A Comical View on The Future

I’d always liked the climb over the hills by our house when I was younger, mainly because my mother forced me out of the house; she was terrified of fat people and didn’t want me becoming one. That all changed when I was fifteen; scientists had been working on a machine for years, a machine that would prevent fatness – no matter how much you ate or how little exercise you did. When I was fifteen, they completed the contraption. It took a while but it finally became readily available for the general public. It was called the Benevolent Eco-friendly Noun – or more commonly known as the FatFighter.

Some people really wanted one, but there were those that thought it would take over human life. Eventually more and more people got one until nearly everybody had one. I didn’t; my mother forbade it. If you wanted to have the FatFighter installed, you needed an operation to have it implanted in your stomach.
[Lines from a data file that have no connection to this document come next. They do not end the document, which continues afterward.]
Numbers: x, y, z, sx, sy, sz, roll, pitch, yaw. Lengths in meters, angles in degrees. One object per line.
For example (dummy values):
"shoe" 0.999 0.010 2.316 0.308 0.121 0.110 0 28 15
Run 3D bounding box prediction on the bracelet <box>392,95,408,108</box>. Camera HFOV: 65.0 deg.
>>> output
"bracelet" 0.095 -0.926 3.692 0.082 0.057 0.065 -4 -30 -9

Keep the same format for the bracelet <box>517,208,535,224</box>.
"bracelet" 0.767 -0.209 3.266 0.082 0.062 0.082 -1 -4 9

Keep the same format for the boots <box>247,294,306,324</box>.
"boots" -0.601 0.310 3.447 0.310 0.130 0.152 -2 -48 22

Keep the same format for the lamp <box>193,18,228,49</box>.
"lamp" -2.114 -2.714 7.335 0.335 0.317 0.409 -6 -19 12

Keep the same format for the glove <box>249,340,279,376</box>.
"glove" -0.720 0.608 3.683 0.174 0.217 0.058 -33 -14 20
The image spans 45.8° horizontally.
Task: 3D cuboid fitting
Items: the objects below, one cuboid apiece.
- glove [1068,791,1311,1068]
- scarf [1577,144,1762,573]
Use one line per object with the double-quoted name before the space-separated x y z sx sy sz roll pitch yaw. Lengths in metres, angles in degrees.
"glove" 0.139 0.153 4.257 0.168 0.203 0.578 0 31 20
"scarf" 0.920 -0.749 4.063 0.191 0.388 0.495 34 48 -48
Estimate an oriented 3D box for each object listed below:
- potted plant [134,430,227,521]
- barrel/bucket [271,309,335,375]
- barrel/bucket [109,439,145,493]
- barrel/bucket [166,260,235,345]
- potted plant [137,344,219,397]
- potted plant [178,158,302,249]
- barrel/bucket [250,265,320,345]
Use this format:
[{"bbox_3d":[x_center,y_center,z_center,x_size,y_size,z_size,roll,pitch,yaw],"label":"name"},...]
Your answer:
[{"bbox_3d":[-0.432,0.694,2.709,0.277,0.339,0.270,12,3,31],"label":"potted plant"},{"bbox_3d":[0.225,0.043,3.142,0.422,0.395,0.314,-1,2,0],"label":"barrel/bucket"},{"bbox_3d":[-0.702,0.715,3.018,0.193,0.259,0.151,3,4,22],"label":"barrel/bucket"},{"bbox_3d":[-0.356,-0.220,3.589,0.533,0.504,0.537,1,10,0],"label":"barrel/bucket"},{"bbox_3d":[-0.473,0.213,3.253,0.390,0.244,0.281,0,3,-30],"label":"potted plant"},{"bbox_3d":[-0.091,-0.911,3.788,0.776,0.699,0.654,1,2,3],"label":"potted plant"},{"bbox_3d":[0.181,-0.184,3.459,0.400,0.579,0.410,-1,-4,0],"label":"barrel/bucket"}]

I was so glad that I didn’t get one; after a few years, something started to go wrong, just a few cases. In those individuals, it was just replaced and the problem went away. However, the number of situations where the FatFighter went wrong increased dramatically. Even after the machine was replaced, the problem just got worse until it had to be removed all together – but the hitch still worsened. The glitch became a full-on crisis; people began to eat everything inside, from cars to cats and without the FatFighter they turned into massive balls of pure fat. Some people didn’t eat anything but they still got enormously obese.

The government issued a warning that those unaffected by the ‘condition’ were to stay in their homes. No matter where we hid, the fat people found us. We were on the run for weeks, just moving from place to place, trying to avoid them. One thing that benefited us was the fact that wecouldrun; the fatties could only roll, which meant we were safe on high ground.

Right now, we’re at the top of the church in our town. Recently, the fatties have developed the ability to bounce. Thankfully we’re not all too high on their menu at the moment but I have a feeling we will be soon, once everything else is gone. Most of the houses look like they’ve been bulldozed – which, in a way, they have. Cars are nearly all gone from the streets. The fat people fight over what’s left. They’re like really, really round rhinos, charging at each other until one of them is dead or runs away.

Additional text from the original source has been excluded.